2. S3 is equivalent to S2.
C. S3 is false.
However, it is a common assumption that S3 is a paradox. But then, we have the next argument A2:
1. S3 is a paradox.
2. S3 is equivalent to S2.
3. S2 is equivalent to S1.
C. S1 is a paradox.
CONCLUSION
Thus, if S3 is a paradox, then S1 should be a paradox, but S1 is not paradoxical at all, it is simply a well defined contradiction.
So, what is the big deal about S3, if it is a plain contradiction just as S1? What I suspect is that "paradox" is a psychological term rather than a logical one.
This, to me, seems satisfactory, and saves us the pains of a theory of types, or stratification, or trying to figure out just what the hell Wittgenstein meant anyway.
Lomax
Lomax wrote:S1 is not paradoxical at all, it is simply a well defined contradiction.
Positor wrote:Why is it not paradoxical? How do you define "paradoxical"?

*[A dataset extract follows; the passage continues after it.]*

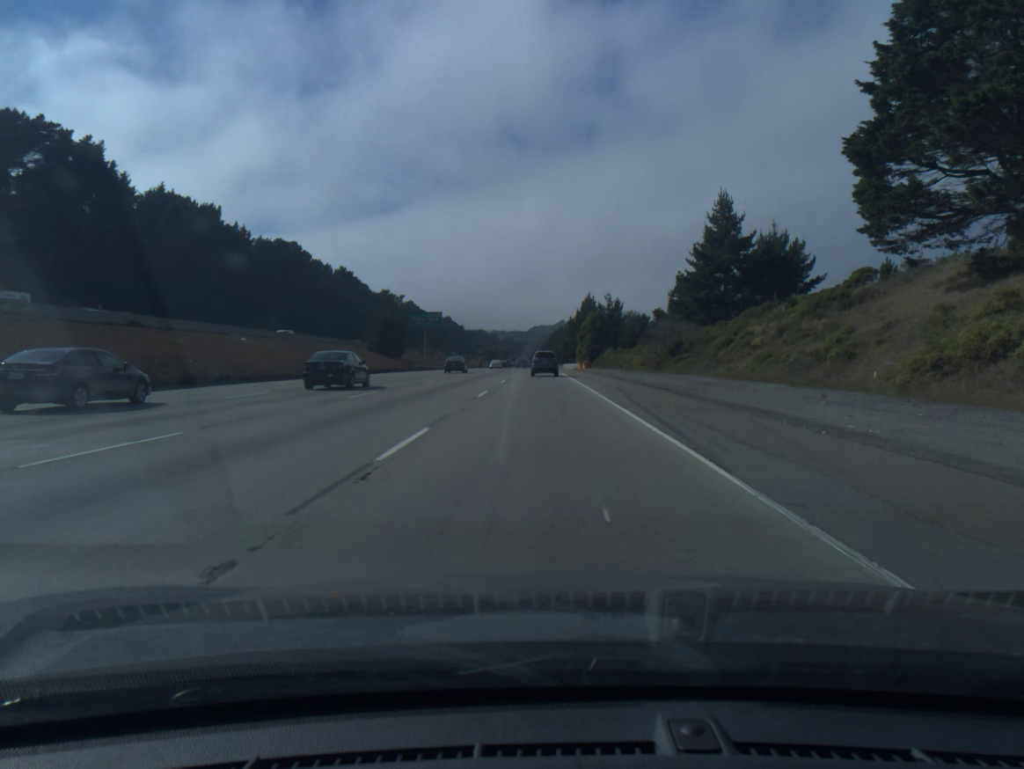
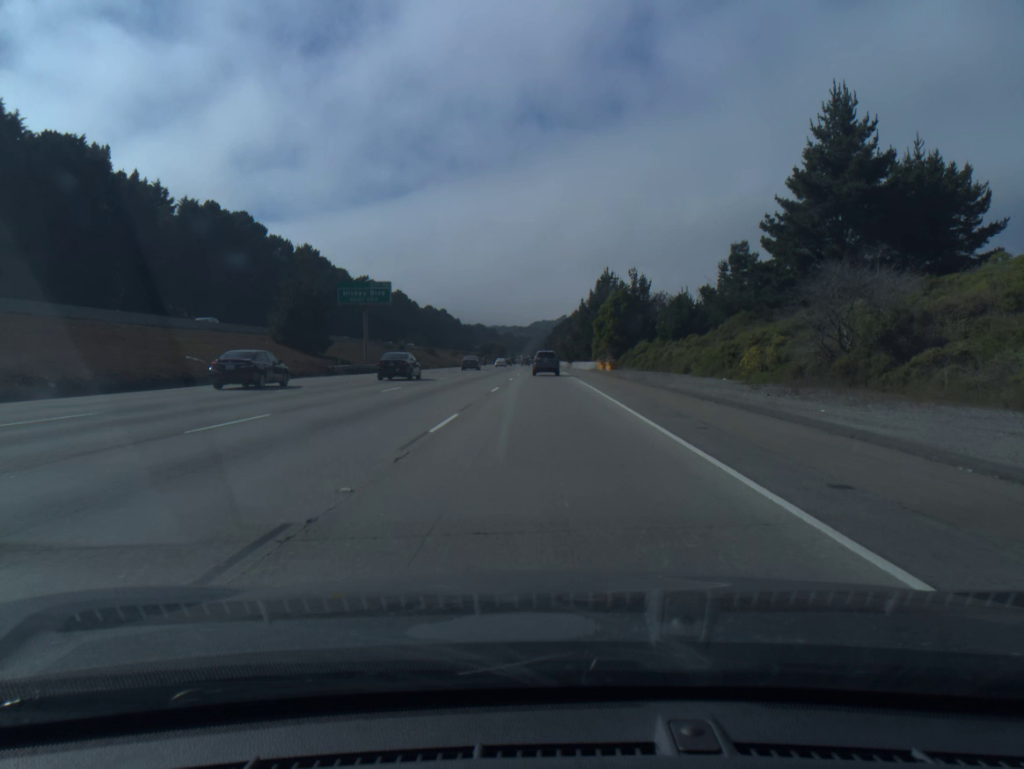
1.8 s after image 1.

Stanford Encyclopedia of Philosophy: "Most paradoxes – but not all – involve contradictions; for such cases, we often use the word "contradiction" as well."

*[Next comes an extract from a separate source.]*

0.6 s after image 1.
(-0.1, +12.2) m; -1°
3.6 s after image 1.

Wikipedia: "The word paradox is often used interchangeably with contradiction."
Positor wrote:For what it is worth, here is my take on the liar paradox:
1. The sentence "This statement is false" has a grammatical subject and predicate, so (in common parlance at least) it is a statement, regardless of whether it has a truth-value or not. It may be a nonsensical statement, but it's still a statement.
2. Hence it is legitimate to construe "This statement is false" as being equivalent to "The statement 'this statement is false' is false". This, I suggest, is how it is usually construed in discussions of the liar paradox.

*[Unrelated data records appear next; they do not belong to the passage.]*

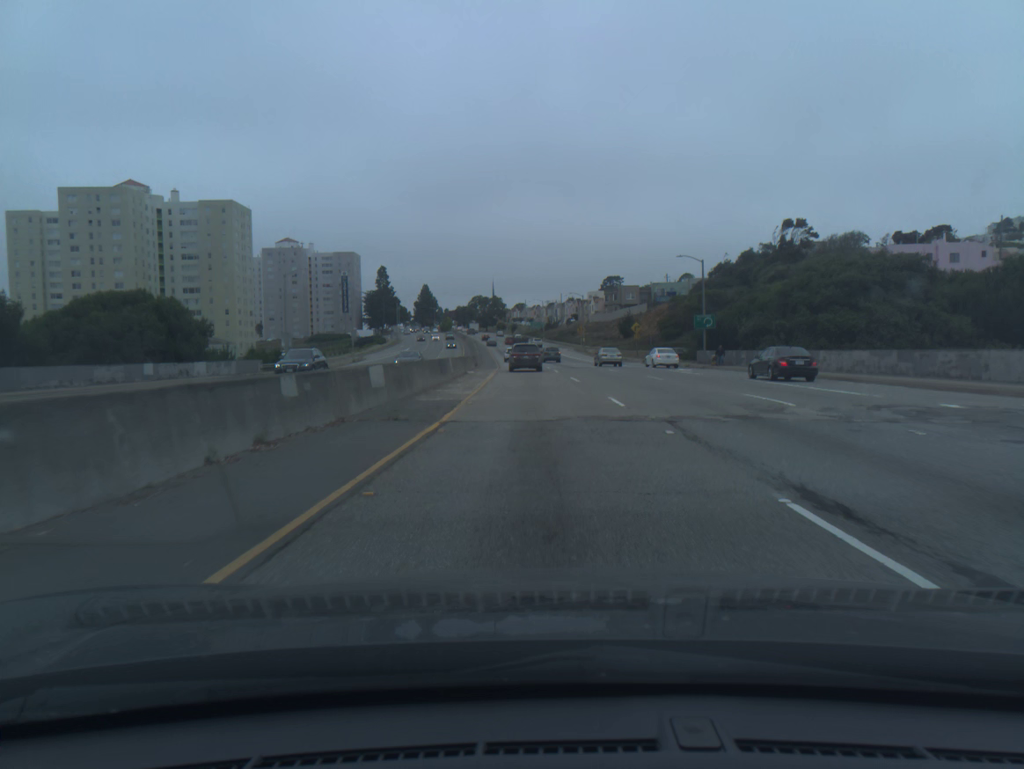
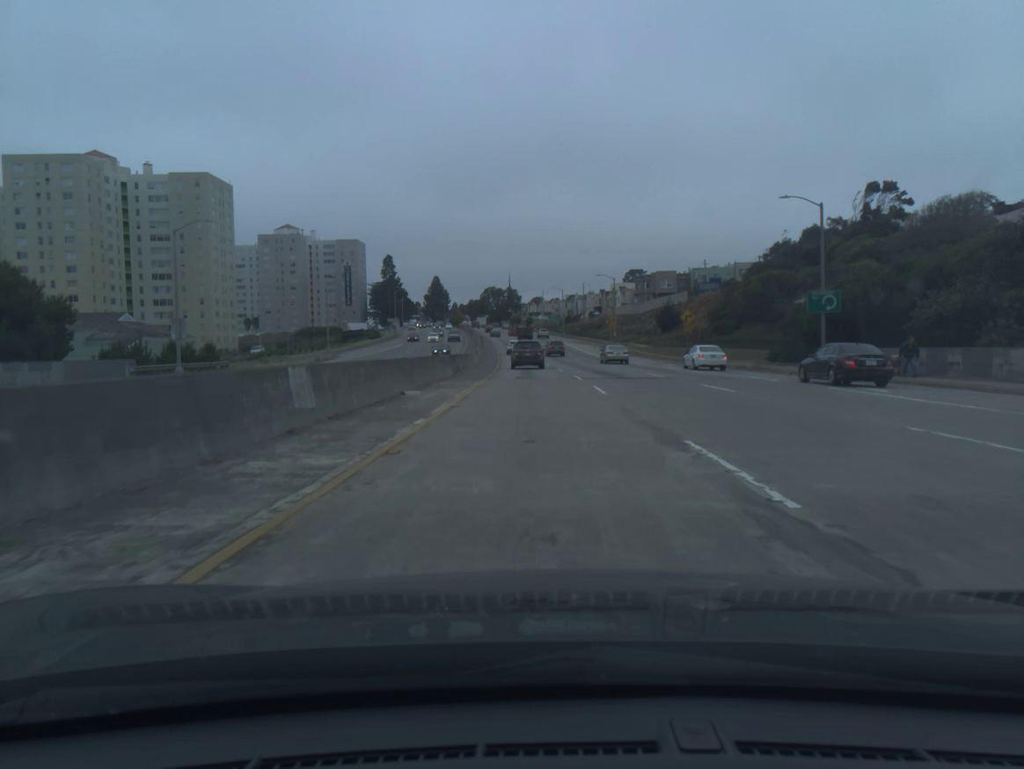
(-0.3, +25.8) m; -1°
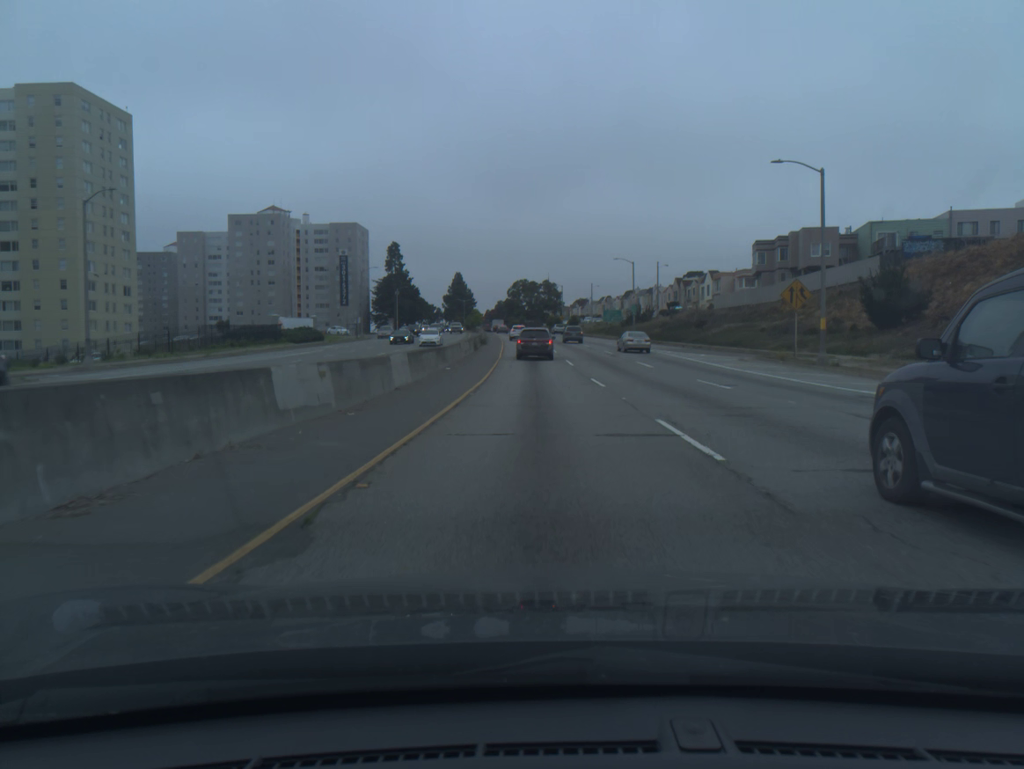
(-1.8, +63.8) m; -3°
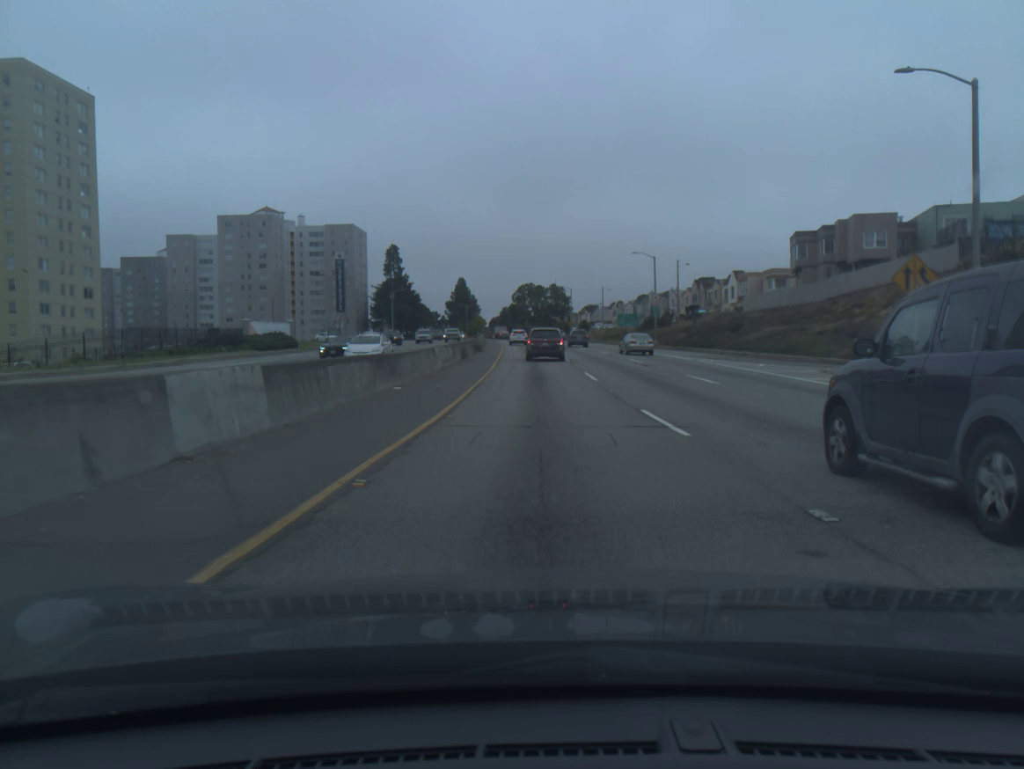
(0.0, +12.4) m; 0°
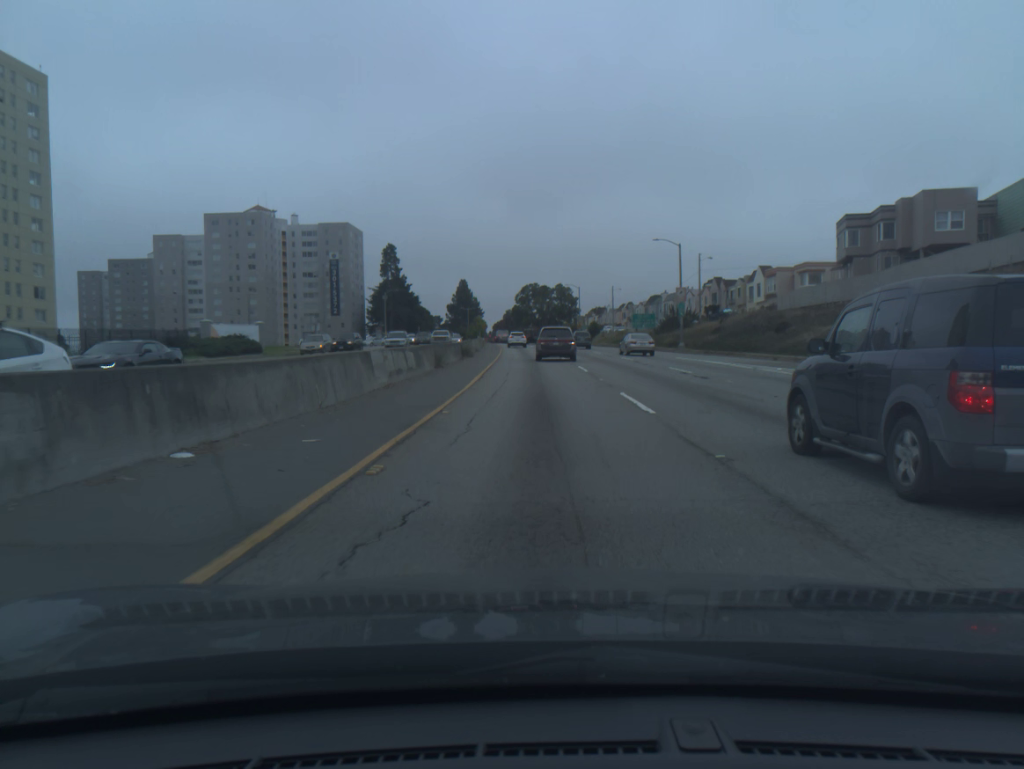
(0.0, +12.0) m; 0°
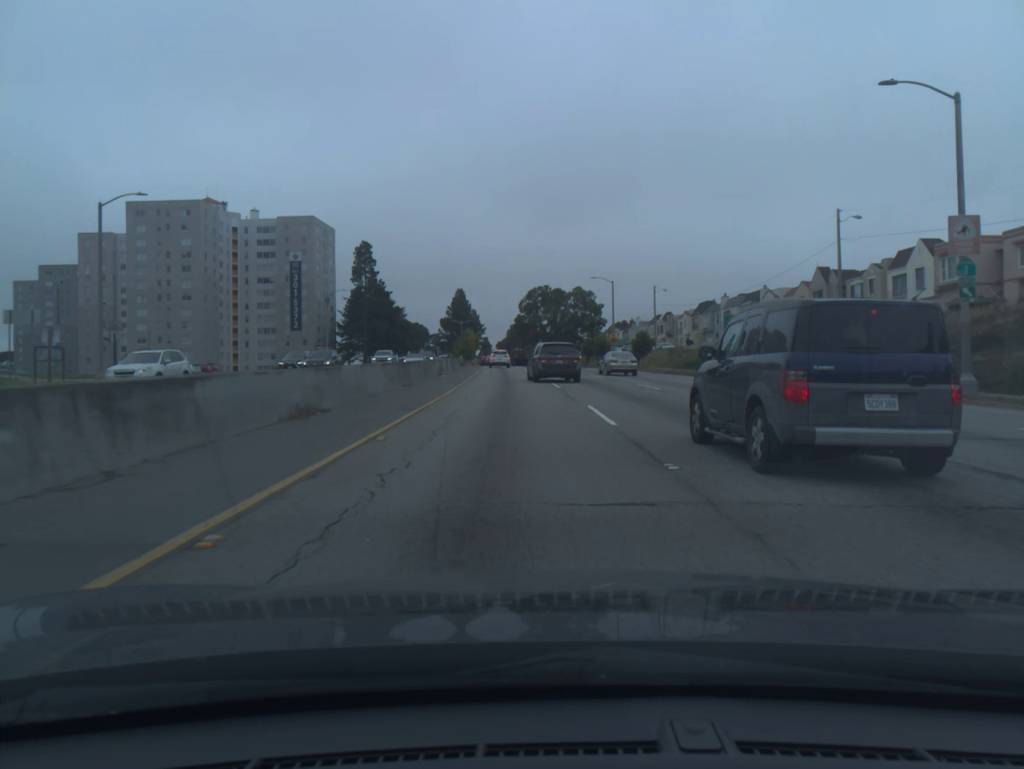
(-0.4, +44.7) m; -1°
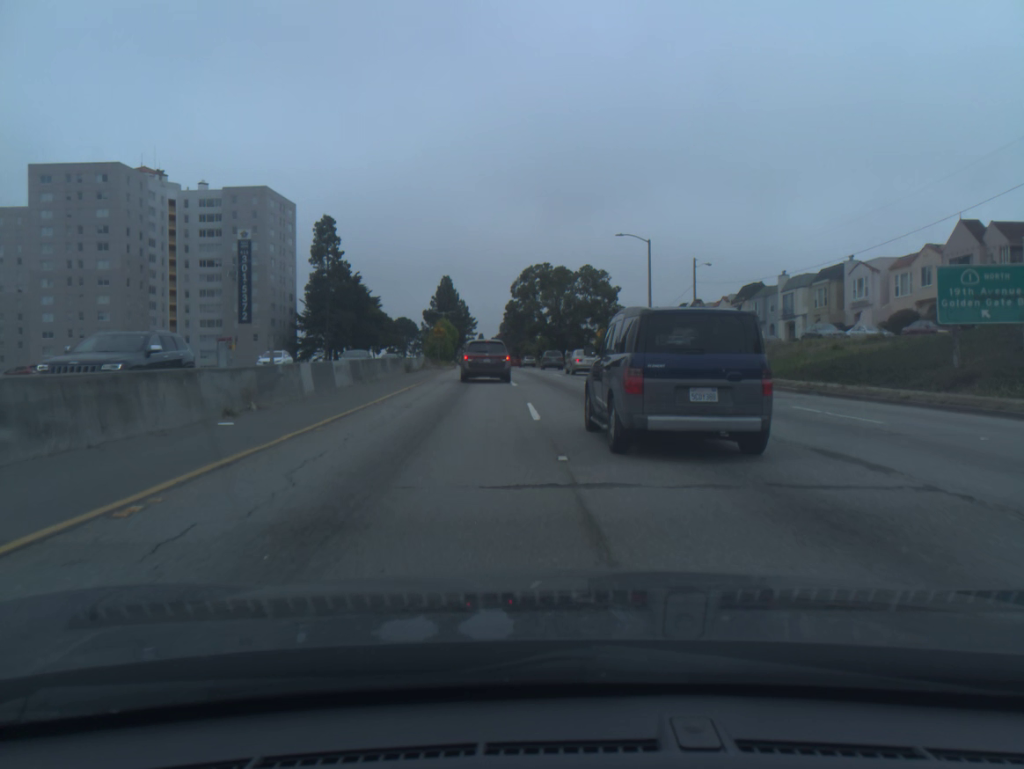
(0.0, +28.9) m; 0°

3. At the first stage of the analysis, there are no existing facts to make "This statement is false" either true or false. Hence its initial truth-value is "neither"; or, alternatively, it can be said to have no truth-value at the initial stage.
4. Hence it falsely implies that it is false-at-the-first-stage. But it consequently acquires a truth-value, i.e. "false". So now there is a second stage, at which it is false. But the fact still remains that it was not false at the first stage; therefore there is no contradiction.
5. Because it was false at the second stage, it correctly states its second-stage truth-value, so it now acquires a third-stage value of "true". And so on, with infinite oscillation between "true" and "false". But the facts about any particular stage do not retrospectively alter those about previous stages. So, no contradictions.
To sum up:
(a) the statement is neither true nor false given the pre-existing facts;
(b) it is false in implying that it is false given the pre-existing facts;
(c) it is true in implying that it is false in implying that it is false given the pre-existing facts;
and so on. Statements (a), (b), (c) etc are all simultaneously true.
I don't know if I'm trying to reinvent the wheel here. Can you point me to any published 'solution' similar to the above?
Lomax wrote:Xcthulhu pointed me to a work by Belnap and Gupta (which I haven't read, and forget the name of) that suggested the truth-value of the liar paradox oscillates in the way you suggest. Also, Douglas Hofstadter considers it a"strange loop" which is true when false and false when true. Those are the only similar positions I know of but Xct is obviously much better acquainted with the literature.
My only concern with your position is: if the first stage is meaningless and the second stage is false, then surely they are not equivalent statements, even if they seem to be? I'm assuming some kind of truth-conditional semantics though.